WHAT THE TASK ASKS: Would you write out the whole listing below exactly as given?
━━━━━ INFORMATION SUPPLIED ━━━━━
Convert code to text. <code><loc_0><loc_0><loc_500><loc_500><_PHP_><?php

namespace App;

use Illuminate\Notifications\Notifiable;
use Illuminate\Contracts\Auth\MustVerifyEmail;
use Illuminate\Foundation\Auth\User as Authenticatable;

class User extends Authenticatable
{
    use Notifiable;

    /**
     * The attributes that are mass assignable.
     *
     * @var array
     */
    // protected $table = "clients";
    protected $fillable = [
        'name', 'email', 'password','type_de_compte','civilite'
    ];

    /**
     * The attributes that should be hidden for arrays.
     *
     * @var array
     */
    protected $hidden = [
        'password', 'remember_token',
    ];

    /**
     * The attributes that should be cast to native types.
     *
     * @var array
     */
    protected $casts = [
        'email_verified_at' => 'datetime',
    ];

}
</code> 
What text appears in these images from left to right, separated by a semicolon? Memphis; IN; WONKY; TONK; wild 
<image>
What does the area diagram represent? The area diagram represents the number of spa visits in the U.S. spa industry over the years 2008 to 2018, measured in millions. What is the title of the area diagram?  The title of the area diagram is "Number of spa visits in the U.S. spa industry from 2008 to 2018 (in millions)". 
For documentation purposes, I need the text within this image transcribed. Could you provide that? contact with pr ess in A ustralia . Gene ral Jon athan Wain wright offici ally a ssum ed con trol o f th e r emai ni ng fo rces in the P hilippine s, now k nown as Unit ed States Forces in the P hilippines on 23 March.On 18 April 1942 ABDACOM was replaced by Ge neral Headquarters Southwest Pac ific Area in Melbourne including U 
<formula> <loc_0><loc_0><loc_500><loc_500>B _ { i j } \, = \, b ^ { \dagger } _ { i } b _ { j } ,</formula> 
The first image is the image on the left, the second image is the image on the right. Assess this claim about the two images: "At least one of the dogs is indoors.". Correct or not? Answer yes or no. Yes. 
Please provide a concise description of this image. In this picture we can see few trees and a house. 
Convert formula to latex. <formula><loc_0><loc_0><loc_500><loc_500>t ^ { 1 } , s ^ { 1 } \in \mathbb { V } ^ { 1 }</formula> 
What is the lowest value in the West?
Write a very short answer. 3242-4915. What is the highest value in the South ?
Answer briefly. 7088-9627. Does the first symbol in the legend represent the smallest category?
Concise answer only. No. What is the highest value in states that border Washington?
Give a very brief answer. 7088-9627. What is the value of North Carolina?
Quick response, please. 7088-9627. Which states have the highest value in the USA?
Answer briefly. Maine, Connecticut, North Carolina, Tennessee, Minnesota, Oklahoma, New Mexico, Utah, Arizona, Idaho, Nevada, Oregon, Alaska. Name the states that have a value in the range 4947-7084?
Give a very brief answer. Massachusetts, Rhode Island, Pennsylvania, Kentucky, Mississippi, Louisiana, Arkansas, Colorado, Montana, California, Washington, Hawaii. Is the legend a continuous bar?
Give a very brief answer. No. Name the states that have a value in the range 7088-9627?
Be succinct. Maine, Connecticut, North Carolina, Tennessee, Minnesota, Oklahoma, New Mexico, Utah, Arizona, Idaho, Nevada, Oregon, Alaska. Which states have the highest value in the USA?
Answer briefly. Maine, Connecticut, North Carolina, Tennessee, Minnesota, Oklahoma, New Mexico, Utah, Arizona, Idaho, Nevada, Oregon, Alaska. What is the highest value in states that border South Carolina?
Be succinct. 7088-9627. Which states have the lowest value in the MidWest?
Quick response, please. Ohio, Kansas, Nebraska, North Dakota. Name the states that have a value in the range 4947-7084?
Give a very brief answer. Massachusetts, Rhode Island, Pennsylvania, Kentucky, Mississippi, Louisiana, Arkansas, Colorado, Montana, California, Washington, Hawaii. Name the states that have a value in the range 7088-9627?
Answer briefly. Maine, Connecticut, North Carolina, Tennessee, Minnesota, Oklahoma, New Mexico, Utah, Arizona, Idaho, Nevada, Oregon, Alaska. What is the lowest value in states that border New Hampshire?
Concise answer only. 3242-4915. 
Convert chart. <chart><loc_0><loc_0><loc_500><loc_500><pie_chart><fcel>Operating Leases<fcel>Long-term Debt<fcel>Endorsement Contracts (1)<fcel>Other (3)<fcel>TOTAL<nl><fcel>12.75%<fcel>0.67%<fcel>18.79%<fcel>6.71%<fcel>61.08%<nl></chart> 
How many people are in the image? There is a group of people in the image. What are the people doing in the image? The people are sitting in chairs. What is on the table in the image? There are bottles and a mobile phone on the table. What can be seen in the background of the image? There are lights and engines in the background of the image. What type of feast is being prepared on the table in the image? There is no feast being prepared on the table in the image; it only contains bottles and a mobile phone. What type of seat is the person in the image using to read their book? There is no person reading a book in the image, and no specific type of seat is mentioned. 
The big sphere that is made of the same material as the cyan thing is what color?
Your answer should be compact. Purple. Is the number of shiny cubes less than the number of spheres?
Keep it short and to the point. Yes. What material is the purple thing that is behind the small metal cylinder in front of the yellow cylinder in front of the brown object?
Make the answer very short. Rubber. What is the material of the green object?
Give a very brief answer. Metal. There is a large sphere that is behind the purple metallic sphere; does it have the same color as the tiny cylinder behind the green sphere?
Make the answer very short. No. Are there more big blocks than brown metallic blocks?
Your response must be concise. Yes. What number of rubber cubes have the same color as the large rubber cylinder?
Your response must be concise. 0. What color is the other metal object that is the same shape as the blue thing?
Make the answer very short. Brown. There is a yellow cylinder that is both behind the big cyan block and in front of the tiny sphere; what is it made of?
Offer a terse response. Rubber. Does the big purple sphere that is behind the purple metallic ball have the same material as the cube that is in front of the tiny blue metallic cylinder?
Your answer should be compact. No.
━━━━━
ANSWER BOX:
Convert code to text. <code><loc_0><loc_0><loc_500><loc_500><_PHP_><?php

namespace App;

use Illuminate\Notifications\Notifiable;
use Illuminate\Contracts\Auth\MustVerifyEmail;
use Illuminate\Foundation\Auth\User as Authenticatable;

class User extends Authenticatable
{
    use Notifiable;

    /**
     * The attributes that are mass assignable.
     *
     * @var array
     */
    // protected $table = "clients";
    protected $fillable = [
        'name', 'email', 'password','type_de_compte','civilite'
    ];

    /**
     * The attributes that should be hidden for arrays.
     *
     * @var array
     */
    protected $hidden = [
        'password', 'remember_token',
    ];

    /**
     * The attributes that should be cast to native types.
     *
     * @var array
     */
    protected $casts = [
        'email_verified_at' => 'datetime',
    ];

}
</code> 
What text appears in these images from left to right, separated by a semicolon? Memphis; IN; WONKY; TONK; wild 
<image>
What does the area diagram represent? The area diagram represents the number of spa visits in the U.S. spa industry over the years 2008 to 2018, measured in millions. What is the title of the area diagram?  The title of the area diagram is "Number of spa visits in the U.S. spa industry from 2008 to 2018 (in millions)". 
For documentation purposes, I need the text within this image transcribed. Could you provide that? contact with pr ess in A ustralia . Gene ral Jon athan Wain wright offici ally a ssum ed con trol o f th e r emai ni ng fo rces in the P hilippine s, now k nown as Unit ed States Forces in the P hilippines on 23 March.On 18 April 1942 ABDACOM was replaced by Ge neral Headquarters Southwest Pac ific Area in Melbourne including U 
<formula> <loc_0><loc_0><loc_500><loc_500>B _ { i j } \, = \, b ^ { \dagger } _ { i } b _ { j } ,</formula> 
The first image is the image on the left, the second image is the image on the right. Assess this claim about the two images: "At least one of the dogs is indoors.". Correct or not? Answer yes or no. Yes. 
Please provide a concise description of this image. In this picture we can see few trees and a house. 
Convert formula to latex. <formula><loc_0><loc_0><loc_500><loc_500>t ^ { 1 } , s ^ { 1 } \in \mathbb { V } ^ { 1 }</formula> 
What is the lowest value in the West?
Write a very short answer. 3242-4915. What is the highest value in the South ?
Answer briefly. 7088-9627. Does the first symbol in the legend represent the smallest category?
Concise answer only. No. What is the highest value in states that border Washington?
Give a very brief answer. 7088-9627. What is the value of North Carolina?
Quick response, please. 7088-9627. Which states have the highest value in the USA?
Answer briefly. Maine, Connecticut, North Carolina, Tennessee, Minnesota, Oklahoma, New Mexico, Utah, Arizona, Idaho, Nevada, Oregon, Alaska. Name the states that have a value in the range 4947-7084?
Give a very brief answer. Massachusetts, Rhode Island, Pennsylvania, Kentucky, Mississippi, Louisiana, Arkansas, Colorado, Montana, California, Washington, Hawaii. Is the legend a continuous bar?
Give a very brief answer. No. Name the states that have a value in the range 7088-9627?
Be succinct. Maine, Connecticut, North Carolina, Tennessee, Minnesota, Oklahoma, New Mexico, Utah, Arizona, Idaho, Nevada, Oregon, Alaska. Which states have the highest value in the USA?
Answer briefly. Maine, Connecticut, North Carolina, Tennessee, Minnesota, Oklahoma, New Mexico, Utah, Arizona, Idaho, Nevada, Oregon, Alaska. What is the highest value in states that border South Carolina?
Be succinct. 7088-9627. Which states have the lowest value in the MidWest?
Quick response, please. Ohio, Kansas, Nebraska, North Dakota. Name the states that have a value in the range 4947-7084?
Give a very brief answer. Massachusetts, Rhode Island, Pennsylvania, Kentucky, Mississippi, Louisiana, Arkansas, Colorado, Montana, California, Washington, Hawaii. Name the states that have a value in the range 7088-9627?
Answer briefly. Maine, Connecticut, North Carolina, Tennessee, Minnesota, Oklahoma, New Mexico, Utah, Arizona, Idaho, Nevada, Oregon, Alaska. What is the lowest value in states that border New Hampshire?
Concise answer only. 3242-4915. 
Convert chart. <chart><loc_0><loc_0><loc_500><loc_500><pie_chart><fcel>Operating Leases<fcel>Long-term Debt<fcel>Endorsement Contracts (1)<fcel>Other (3)<fcel>TOTAL<nl><fcel>12.75%<fcel>0.67%<fcel>18.79%<fcel>6.71%<fcel>61.08%<nl></chart> 
How many people are in the image? There is a group of people in the image. What are the people doing in the image? The people are sitting in chairs. What is on the table in the image? There are bottles and a mobile phone on the table. What can be seen in the background of the image? There are lights and engines in the background of the image. What type of feast is being prepared on the table in the image? There is no feast being prepared on the table in the image; it only contains bottles and a mobile phone. What type of seat is the person in the image using to read their book? There is no person reading a book in the image, and no specific type of seat is mentioned. 
The big sphere that is made of the same material as the cyan thing is what color?
Your answer should be compact. Purple. Is the number of shiny cubes less than the number of spheres?
Keep it short and to the point. Yes. What material is the purple thing that is behind the small metal cylinder in front of the yellow cylinder in front of the brown object?
Make the answer very short. Rubber. What is the material of the green object?
Give a very brief answer. Metal. There is a large sphere that is behind the purple metallic sphere; does it have the same color as the tiny cylinder behind the green sphere?
Make the answer very short. No. Are there more big blocks than brown metallic blocks?
Your response must be concise. Yes. What number of rubber cubes have the same color as the large rubber cylinder?
Your response must be concise. 0. What color is the other metal object that is the same shape as the blue thing?
Make the answer very short. Brown. There is a yellow cylinder that is both behind the big cyan block and in front of the tiny sphere; what is it made of?
Offer a terse response. Rubber. Does the big purple sphere that is behind the purple metallic ball have the same material as the cube that is in front of the tiny blue metallic cylinder?
Your answer should be compact. No.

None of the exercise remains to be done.